The roller-coaster ride of a season continued for the LSU basketball team on Wednesday night at a most inopportune time.
Facing a team it crushed by 18 points on the road just 2½ weeks earlier, LSU, which was riding a three-game winning streak, had an opportunity to solidify its spot in the NCAA tournament field in its home finale against Tennessee.
With a chance to also move a step closer to possibly nailing down the No. 4 seed and a double-bye in the Southeastern Conference tournament next week, LSU couldn’t keep up with Tennessee’s torrid shooting in the second half and the Vols rolled to an easy 78-63 victory.
Tennessee (15-14, 7-10 SEC) looked nothing like the team LSU humiliated on Feb. 14 in Knoxville, and certainly nothing like the team that had lost five in a row and nine of its past 11 conference games coming into the Pete Maravich Assembly Center.

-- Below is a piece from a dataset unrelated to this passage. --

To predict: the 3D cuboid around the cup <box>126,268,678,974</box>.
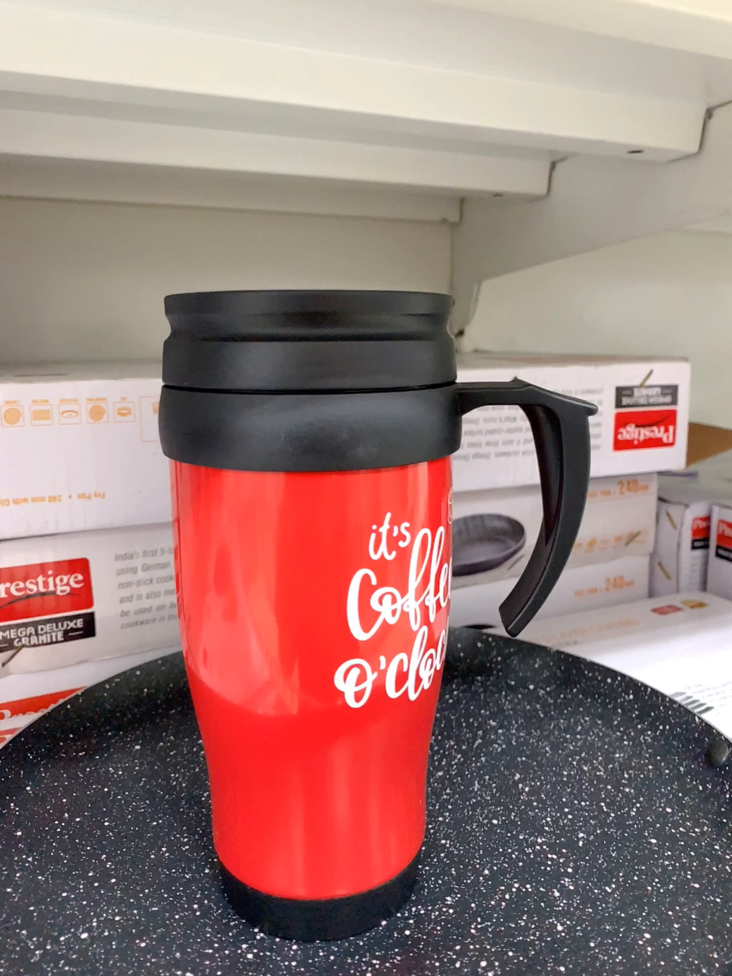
[{"bbox_3d":[0.007,0.028,0.224,0.120,0.169,0.090,-1,10,-3],"label":"cup"}]
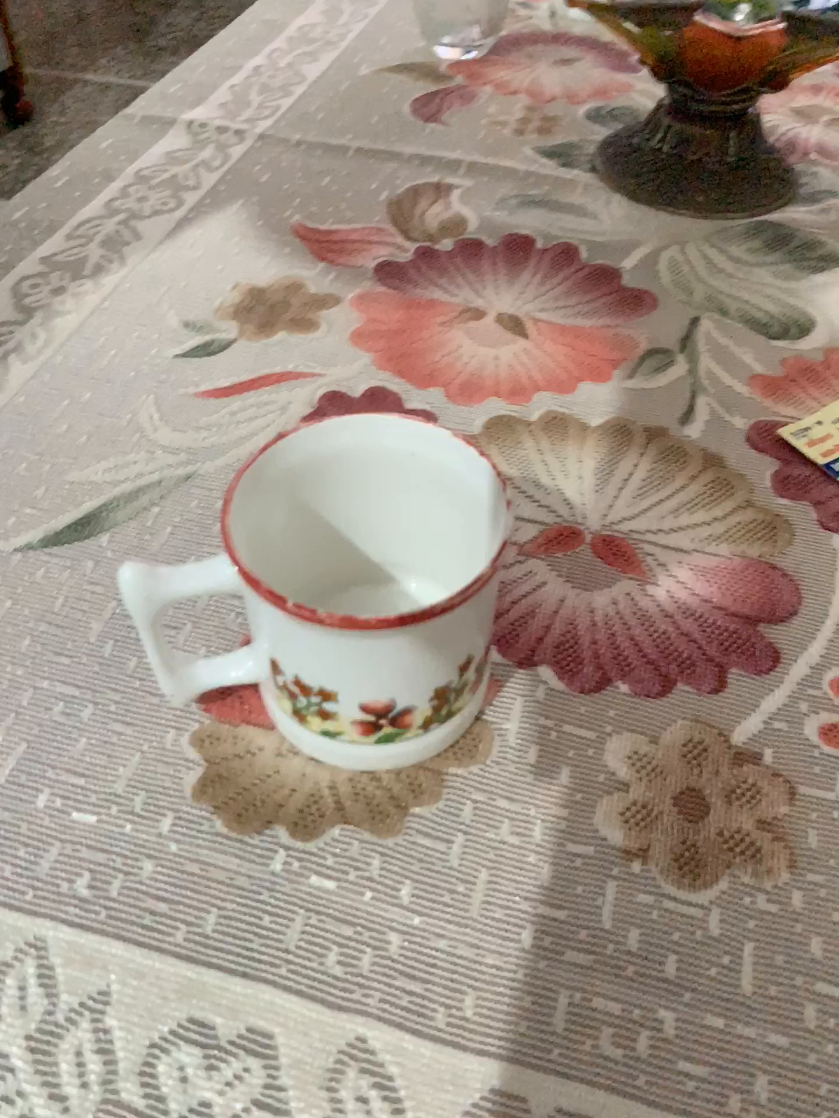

That was especially true when Tennessee shot 69.2 percent from the floor in the final 20 minutes, burying 18-of-26 field-goal attempts — including 5-of-8 from 3-point range — to put LSU (21-9, 10-7) away.
“It was a new experience for us,” Tigers guard Keith Hornsby said. “I don’t think teams have taken it to us in the second half like that … hitting every shot.
“We were kind of looking around sometimes, and it was like, ‘How do we respond? What’s the right way to respond?’ ” he added. “We did make some runs; they just didn’t back down.”
Sufficiently motivated by that earlier 73-55 loss, which included a 27-point halftime deficit, Tennessee had its way with LSU — especially down low against the Tigers’ big men.
The undersized Vols scored 36 points in the paint, attacking Jarell Martin and Jordan Mickey whenever possible after spreading the floor.
On the defensive end, they limited the Tigers’ top two scorers to 25 points, nearly eight under their season average, but Martin and Mickey combined for just 13 rebounds after the two averaged 19 per game.
Tennessee had 11 offensive rebounds in the first half when it outrebounded LSU 22-15, helping them to a 33-all tie at the break, and finished the game with a 35-29 advantage over the taller Tigers.
“Prior to the half, I thought Tennessee was a confident basketball team,” LSU coach Johnny Jones said. “In the second half we needed to come out and take control early. I thought they came out and played extremely well — making shots.
“We didn’t get them to turn it over. We couldn’t get them to stop (hitting shots). They made a lot of individual plays and shot practically 70 percent in the second half, which made it very difficult for us when we did not execute at the level that we needed to on the offensive end.”
After the game was tied at 38 with 17:20 to play on a Martin dunk, Tennessee went on a 24-6 run over the next nine minutes to take control at 62-44.
LSU had just one made field goal in that stretch and that was by Hornsby, who had a career-high 25 points, while Tennessee had 10 field goals — including three from beyond the 3-point line.
“I mean when a team gets hot like that, it’s kind of hard to beat,” LSU guard Tim Quarterman said. “You’re contesting their shots and they’re still hitting. There’s not too much you can do about it.”
Josh Richardson had 20 points to lead Tennessee, while Armani Moore added 19. Robert Hubbs III and Kevin Punter had 12 and 10, respectively. Richardson was 9-of-15 from the floor and Moore was 9-of-14.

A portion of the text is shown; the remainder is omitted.